- What is expected
Once a line is found to contain "lines", copy it out of the listing.

══ Records for the task ══

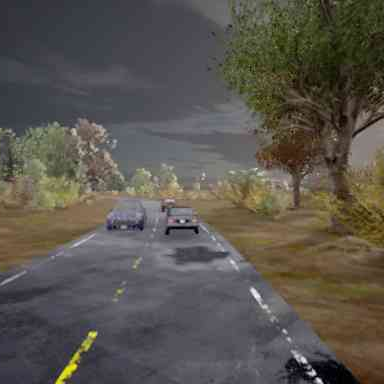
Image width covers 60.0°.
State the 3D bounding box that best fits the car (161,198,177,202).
[{"bbox_3d":[-2.719,1.446,39.753,1.812,1.442,4.674,0,0,-8],"label":"car"}]

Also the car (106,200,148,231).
[{"bbox_3d":[-3.851,1.316,20.272,2.097,1.767,4.553,0,0,-4],"label":"car"}]

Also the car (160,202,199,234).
[{"bbox_3d":[-0.635,1.508,19.161,2.033,1.411,5.357,0,0,-4],"label":"car"}]
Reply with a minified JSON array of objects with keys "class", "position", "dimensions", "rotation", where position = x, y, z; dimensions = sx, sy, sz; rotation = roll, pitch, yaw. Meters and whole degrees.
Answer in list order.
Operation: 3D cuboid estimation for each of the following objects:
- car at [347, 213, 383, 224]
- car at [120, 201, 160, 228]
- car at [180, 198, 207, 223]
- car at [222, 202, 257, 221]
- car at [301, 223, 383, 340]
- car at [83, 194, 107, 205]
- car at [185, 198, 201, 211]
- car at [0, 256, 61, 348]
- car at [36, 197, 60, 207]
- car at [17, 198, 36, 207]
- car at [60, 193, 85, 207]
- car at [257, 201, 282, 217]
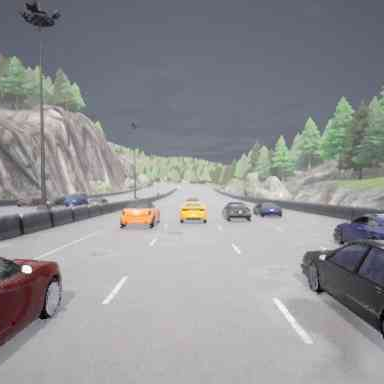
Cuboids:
[{"class":"car","position":[7.100,1.530,12.584],"dimensions":[1.812,1.442,4.674],"rotation":[0,0,0]},{"class":"car","position":[-3.399,1.359,22.498],"dimensions":[2.097,1.767,4.553],"rotation":[0,0,0]},{"class":"car","position":[0.102,1.486,25.769],"dimensions":[1.882,1.535,5.008],"rotation":[0,-1,0]},{"class":"car","position":[3.601,1.556,27.295],"dimensions":[2.033,1.411,5.357],"rotation":[0,0,0]},{"class":"car","position":[3.606,1.549,5.796],"dimensions":[2.033,1.411,5.357],"rotation":[0,0,0]},{"class":"car","position":[-14.015,1.509,49.548],"dimensions":[2.128,1.511,4.902],"rotation":[0,0,0]},{"class":"car","position":[0.104,1.516,41.026],"dimensions":[1.837,1.490,4.892],"rotation":[0,-1,0]},{"class":"car","position":[-3.400,1.479,4.322],"dimensions":[1.882,1.535,5.008],"rotation":[0,0,0]},{"class":"car","position":[-21.007,1.509,50.286],"dimensions":[2.128,1.511,4.902],"rotation":[0,0,0]},{"class":"car","position":[-24.512,1.581,50.039],"dimensions":[1.994,1.385,4.181],"rotation":[0,0,0]},{"class":"car","position":[-17.503,1.242,50.635],"dimensions":[2.150,2.045,5.566],"rotation":[0,0,0]},{"class":"car","position":[7.101,1.574,31.483],"dimensions":[1.994,1.385,4.181],"rotation":[0,0,0]}]
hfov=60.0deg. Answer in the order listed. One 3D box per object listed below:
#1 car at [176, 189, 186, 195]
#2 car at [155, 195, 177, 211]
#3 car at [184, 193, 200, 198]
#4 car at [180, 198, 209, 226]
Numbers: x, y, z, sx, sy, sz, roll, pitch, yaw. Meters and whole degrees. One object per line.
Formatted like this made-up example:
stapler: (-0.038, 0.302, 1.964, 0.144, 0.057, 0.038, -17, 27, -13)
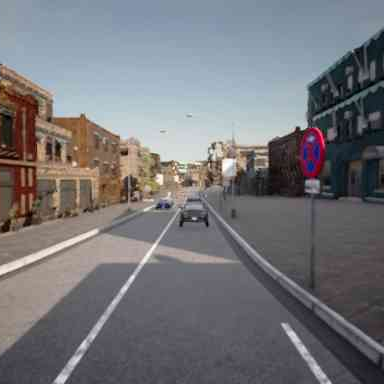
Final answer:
car: (-2.588, 0.265, 78.848, 2.150, 2.045, 5.566, 0, 1, 0)
car: (-2.979, 1.321, 36.961, 1.895, 1.301, 4.718, 0, 1, 1)
car: (0.255, 1.143, 42.177, 1.882, 1.535, 5.008, 0, 1, 0)
car: (0.145, 1.396, 22.324, 1.812, 1.442, 4.674, 0, 1, 0)
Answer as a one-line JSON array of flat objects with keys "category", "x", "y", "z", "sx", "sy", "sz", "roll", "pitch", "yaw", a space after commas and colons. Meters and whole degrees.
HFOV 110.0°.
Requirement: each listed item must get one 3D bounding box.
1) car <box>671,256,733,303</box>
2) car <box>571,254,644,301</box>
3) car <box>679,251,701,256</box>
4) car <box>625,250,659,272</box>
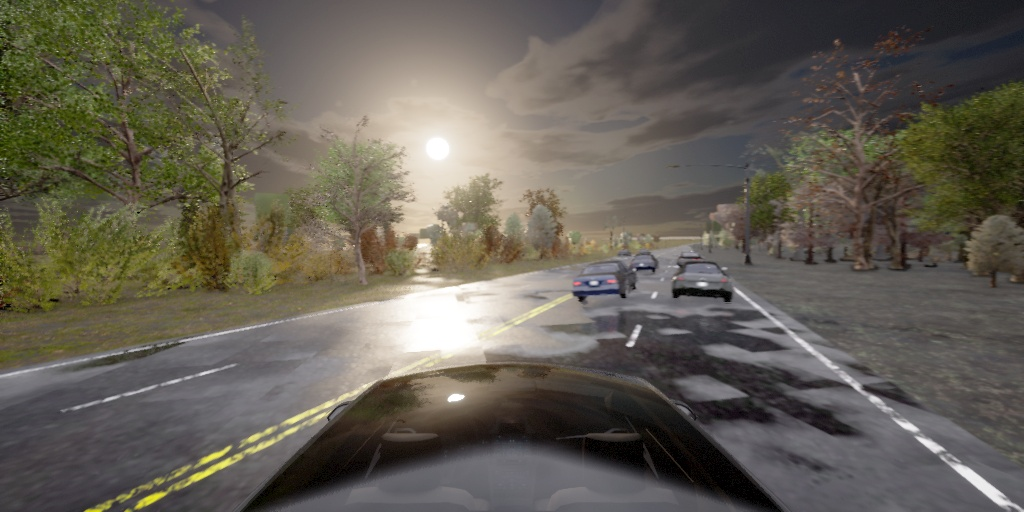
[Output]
[{"category": "car", "x": 7.372, "y": 0.878, "z": 14.084, "sx": 1.994, "sy": 1.385, "sz": 4.181, "roll": 2, "pitch": 2, "yaw": 25}, {"category": "car", "x": 3.886, "y": 0.908, "z": 14.564, "sx": 2.033, "sy": 1.411, "sz": 5.357, "roll": -6, "pitch": -1, "yaw": 25}, {"category": "car", "x": 13.703, "y": 0.387, "z": 27.618, "sx": 2.128, "sy": 1.511, "sz": 4.902, "roll": 2, "pitch": 2, "yaw": 26}, {"category": "car", "x": 10.684, "y": 0.508, "z": 28.984, "sx": 1.994, "sy": 1.385, "sz": 4.181, "roll": -5, "pitch": 1, "yaw": 26}]
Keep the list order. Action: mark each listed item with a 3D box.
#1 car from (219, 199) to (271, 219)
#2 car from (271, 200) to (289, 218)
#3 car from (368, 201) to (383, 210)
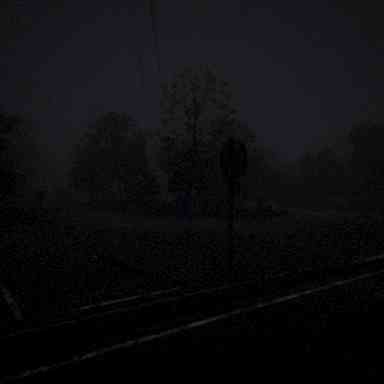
[{"bbox_3d":[4.361,1.587,29.663,2.002,1.452,4.674,1,0,-36],"label":"car"},{"bbox_3d":[6.902,1.452,31.562,2.185,1.767,4.553,1,0,-36],"label":"car"},{"bbox_3d":[26.741,1.865,45.651,2.002,1.452,4.674,1,0,-35],"label":"car"}]
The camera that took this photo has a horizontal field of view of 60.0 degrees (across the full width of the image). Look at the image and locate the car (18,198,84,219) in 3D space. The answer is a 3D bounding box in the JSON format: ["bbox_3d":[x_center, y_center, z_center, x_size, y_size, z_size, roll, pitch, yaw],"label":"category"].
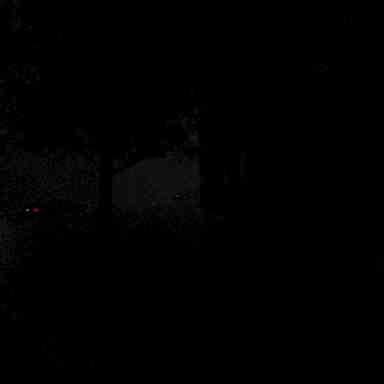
[{"bbox_3d":[-10.361,1.190,24.871,2.033,1.411,5.357,-3,1,17],"label":"car"}]

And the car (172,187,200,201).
[{"bbox_3d":[-0.597,0.340,40.814,1.994,1.385,4.181,-3,1,35],"label":"car"}]

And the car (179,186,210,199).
[{"bbox_3d":[0.426,0.075,48.691,2.128,1.511,4.902,-3,1,36],"label":"car"}]
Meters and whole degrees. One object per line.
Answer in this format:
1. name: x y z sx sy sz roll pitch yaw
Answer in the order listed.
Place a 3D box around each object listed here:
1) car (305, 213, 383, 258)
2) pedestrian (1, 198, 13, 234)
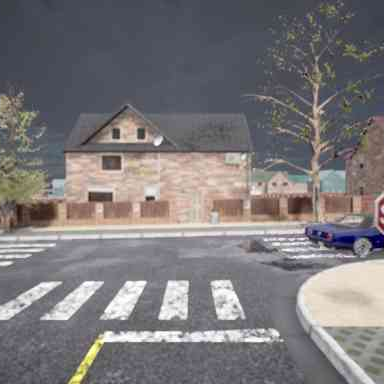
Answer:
1. car: 6.562 1.402 11.637 4.718 1.301 1.895 -2 1 -11
2. pedestrian: -9.656 1.233 17.261 0.375 1.860 0.375 0 2 0
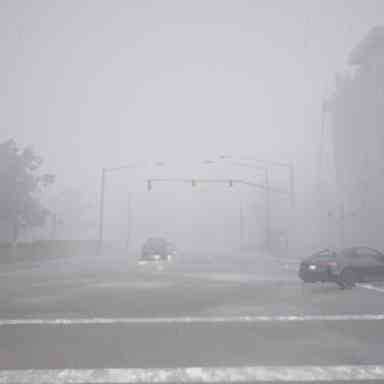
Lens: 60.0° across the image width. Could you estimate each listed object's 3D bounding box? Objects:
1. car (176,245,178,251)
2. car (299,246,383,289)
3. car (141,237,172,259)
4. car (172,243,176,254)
[{"bbox_3d":[-3.427,9.508,57.429,1.994,1.385,4.181,0,-8,1],"label":"car"},{"bbox_3d":[6.020,2.681,12.225,4.181,1.385,1.994,4,-10,-22],"label":"car"},{"bbox_3d":[-3.540,5.463,32.591,2.150,2.045,5.566,0,-8,0],"label":"car"},{"bbox_3d":[-3.503,7.045,42.323,2.097,1.767,4.553,0,-9,0],"label":"car"}]
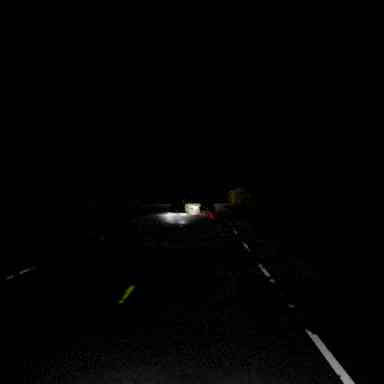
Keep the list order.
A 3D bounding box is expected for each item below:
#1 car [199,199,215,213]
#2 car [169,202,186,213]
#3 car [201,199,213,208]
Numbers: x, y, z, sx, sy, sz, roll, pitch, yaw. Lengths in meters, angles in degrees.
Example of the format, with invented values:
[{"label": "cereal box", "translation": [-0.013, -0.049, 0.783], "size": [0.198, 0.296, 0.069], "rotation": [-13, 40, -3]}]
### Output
[{"label": "car", "translation": [1.933, 1.811, 42.076], "size": [2.128, 1.511, 4.902], "rotation": [0, -1, 3]}, {"label": "car", "translation": [-1.776, 1.915, 41.950], "size": [1.895, 1.301, 4.718], "rotation": [0, -1, 3]}, {"label": "car", "translation": [2.834, 2.079, 62.071], "size": [2.128, 1.511, 4.902], "rotation": [0, -1, 3]}]
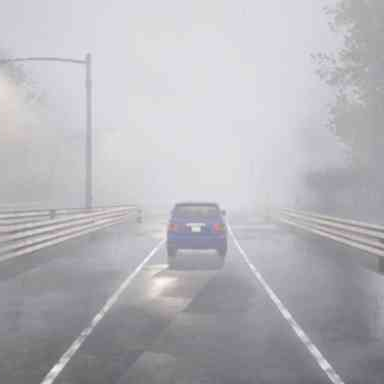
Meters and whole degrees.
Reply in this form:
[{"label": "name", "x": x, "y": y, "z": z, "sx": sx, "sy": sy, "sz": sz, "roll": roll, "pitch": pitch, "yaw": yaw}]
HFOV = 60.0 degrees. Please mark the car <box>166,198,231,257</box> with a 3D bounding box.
[{"label": "car", "x": 0.247, "y": 1.342, "z": 13.680, "sx": 2.150, "sy": 2.045, "sz": 5.566, "roll": 0, "pitch": 0, "yaw": 2}]
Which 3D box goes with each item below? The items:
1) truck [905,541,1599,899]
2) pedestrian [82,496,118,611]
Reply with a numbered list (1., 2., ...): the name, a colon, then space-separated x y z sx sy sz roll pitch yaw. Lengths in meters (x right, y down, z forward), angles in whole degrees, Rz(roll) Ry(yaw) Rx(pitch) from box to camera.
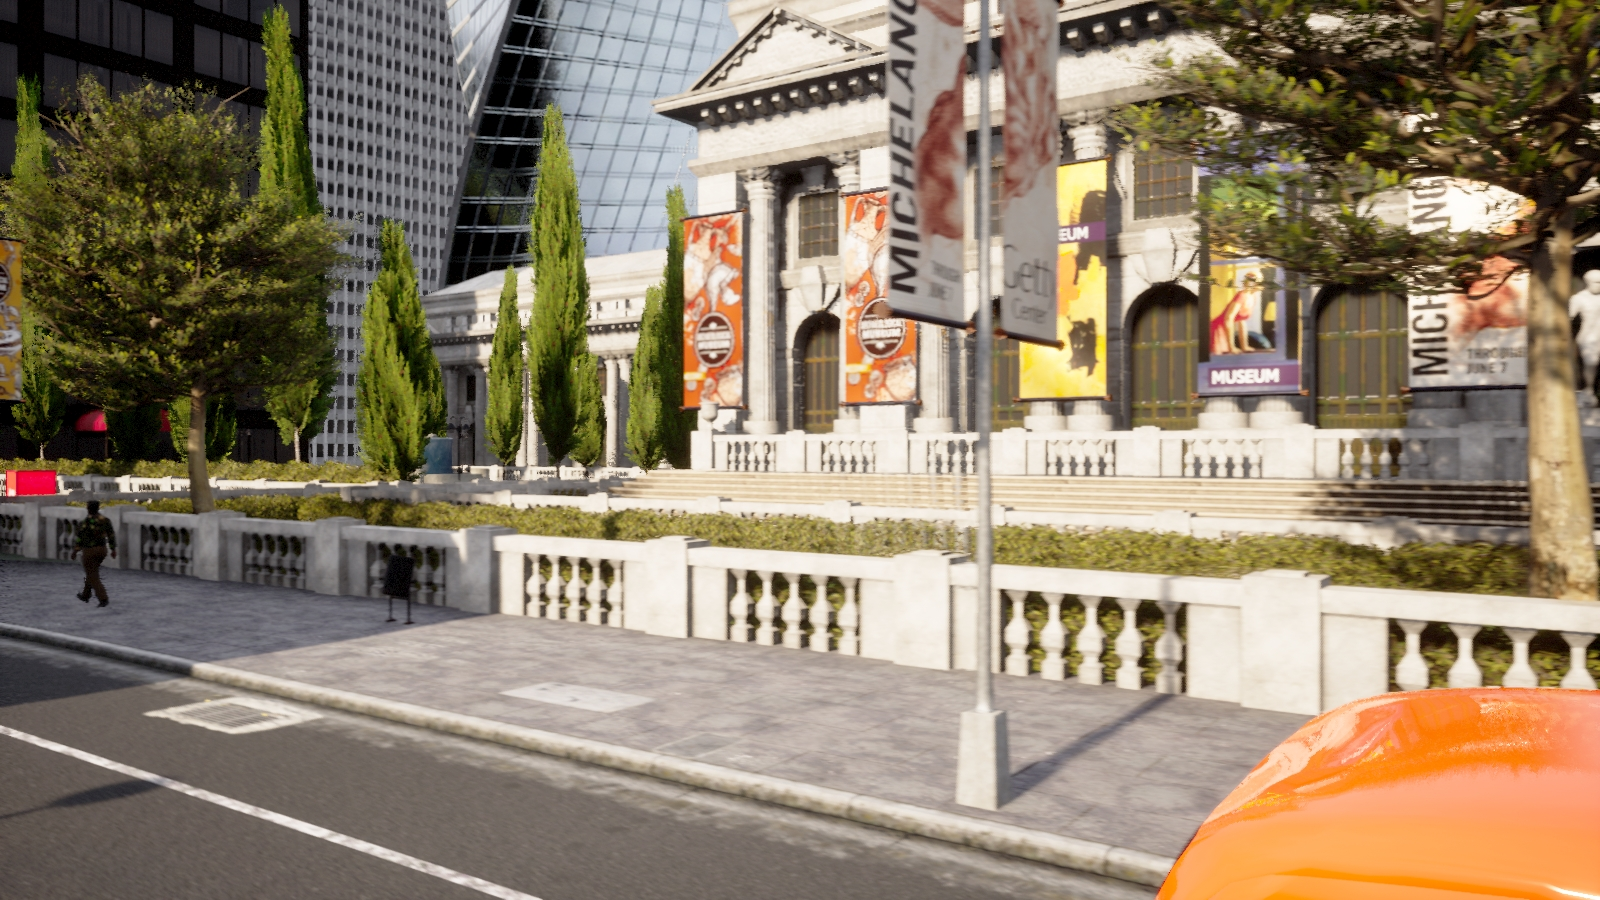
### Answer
1. truck: 3.074 1.568 1.634 5.204 2.467 2.627 0 0 35
2. pedestrian: -11.602 1.697 18.941 0.375 1.860 0.375 0 0 30
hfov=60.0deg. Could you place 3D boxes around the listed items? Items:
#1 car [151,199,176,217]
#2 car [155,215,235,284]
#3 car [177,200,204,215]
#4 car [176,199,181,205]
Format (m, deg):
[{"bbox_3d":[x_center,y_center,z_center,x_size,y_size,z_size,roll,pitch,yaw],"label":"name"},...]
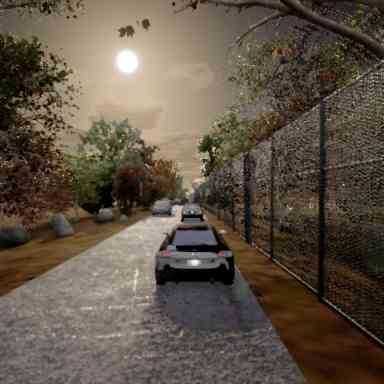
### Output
[{"bbox_3d":[-2.954,1.660,33.486,1.837,1.490,4.892,0,0,0],"label":"car"},{"bbox_3d":[0.065,1.603,9.676,1.994,1.385,4.181,0,0,0],"label":"car"},{"bbox_3d":[0.018,1.666,28.362,2.033,1.411,5.357,0,0,0],"label":"car"},{"bbox_3d":[-3.193,2.291,73.876,1.837,1.490,4.892,0,-2,-1],"label":"car"}]
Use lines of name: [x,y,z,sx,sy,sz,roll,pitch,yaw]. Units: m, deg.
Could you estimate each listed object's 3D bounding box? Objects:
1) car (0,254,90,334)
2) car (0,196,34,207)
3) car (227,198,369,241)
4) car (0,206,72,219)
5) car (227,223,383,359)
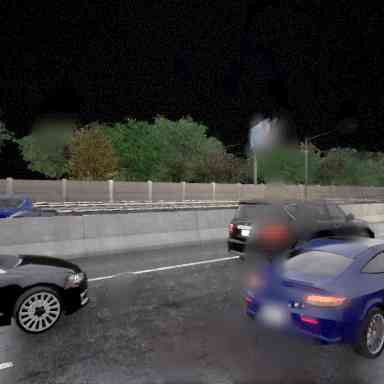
car: [-4.117,1.491,5.097,4.902,1.511,2.128,0,0,-36]
car: [-11.157,1.223,17.537,5.566,2.045,2.150,0,0,-36]
car: [3.651,1.226,10.745,5.566,2.045,2.150,0,0,-36]
car: [-7.546,1.548,15.838,5.357,1.411,2.033,0,0,-36]
car: [2.987,1.528,5.951,4.674,1.442,1.812,0,0,-36]
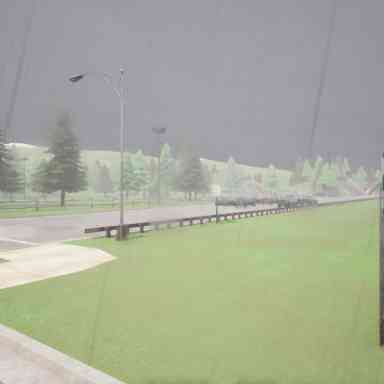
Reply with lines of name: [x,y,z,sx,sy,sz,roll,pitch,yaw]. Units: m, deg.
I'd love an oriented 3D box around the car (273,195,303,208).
car: [13.294,1.505,45.782,1.837,1.490,4.892,0,0,35]

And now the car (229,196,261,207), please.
car: [8.063,1.491,50.505,2.128,1.511,4.902,0,0,35]

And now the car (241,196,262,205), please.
car: [11.028,1.478,60.941,1.882,1.535,5.008,0,0,35]

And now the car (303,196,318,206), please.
car: [19.157,1.505,54.243,1.837,1.490,4.892,0,0,35]

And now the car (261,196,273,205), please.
car: [13.896,1.491,58.935,2.128,1.511,4.902,0,0,35]

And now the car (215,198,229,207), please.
car: [5.366,1.564,52.742,1.994,1.385,4.181,0,0,35]

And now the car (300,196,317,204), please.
car: [23.076,1.526,65.773,1.812,1.442,4.674,0,0,35]

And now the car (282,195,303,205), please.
car: [17.579,1.352,57.921,2.097,1.767,4.553,0,0,35]

═══

- Written answer
Use lines of name: [x,y,z,sx,sy,sz,roll,pitch,yaw]. Units: m, deg.
Reply with lines of name: [x,y,z,sx,sy,sz,roll,pitch,yaw]. Units: m, deg.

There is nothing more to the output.